**Assignment**
Carry none of the pictures over; write out the complete data exactly.

··· Data supplied

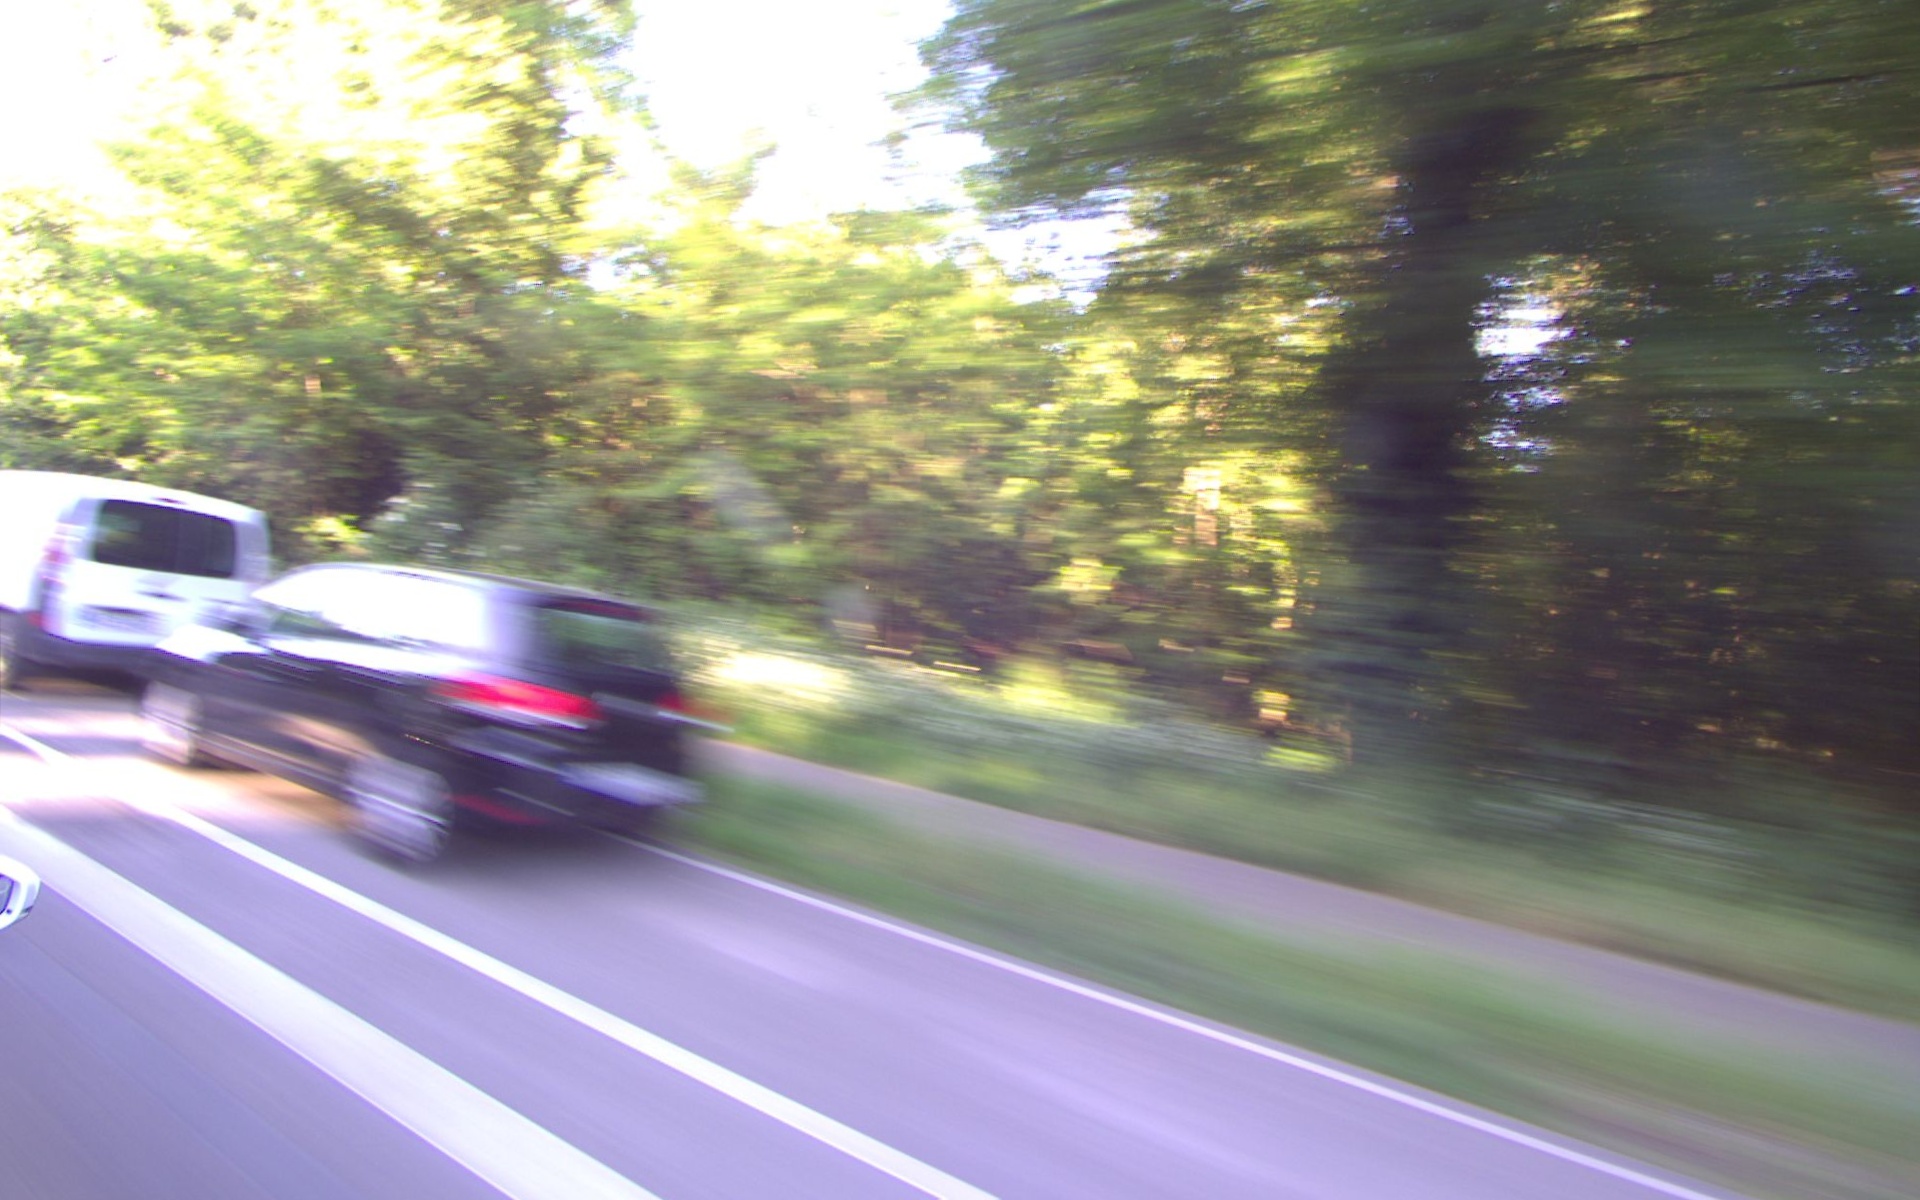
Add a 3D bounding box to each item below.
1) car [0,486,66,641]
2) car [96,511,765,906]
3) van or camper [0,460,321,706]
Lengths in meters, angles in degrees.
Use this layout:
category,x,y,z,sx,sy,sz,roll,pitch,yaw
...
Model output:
category,x,y,z,sx,sy,sz,roll,pitch,yaw
car,-12.733,-0.680,11.975,4.266,1.679,1.839,7,-2,32
car,-3.394,0.472,6.236,4.080,1.541,1.694,7,-2,32
van or camper,-8.354,-0.247,9.511,4.305,1.837,1.956,7,-1,29

······

**Finished exercise**
Add a 3D bounding box to each item below.
1) car [0,486,66,641]
2) car [96,511,765,906]
3) van or camper [0,460,321,706]
Lengths in meters, angles in degrees.
Use this layout:
category,x,y,z,sx,sy,sz,roll,pitch,yaw
...
Model output:
category,x,y,z,sx,sy,sz,roll,pitch,yaw
car,-12.733,-0.680,11.975,4.266,1.679,1.839,7,-2,32
car,-3.394,0.472,6.236,4.080,1.541,1.694,7,-2,32
van or camper,-8.354,-0.247,9.511,4.305,1.837,1.956,7,-1,29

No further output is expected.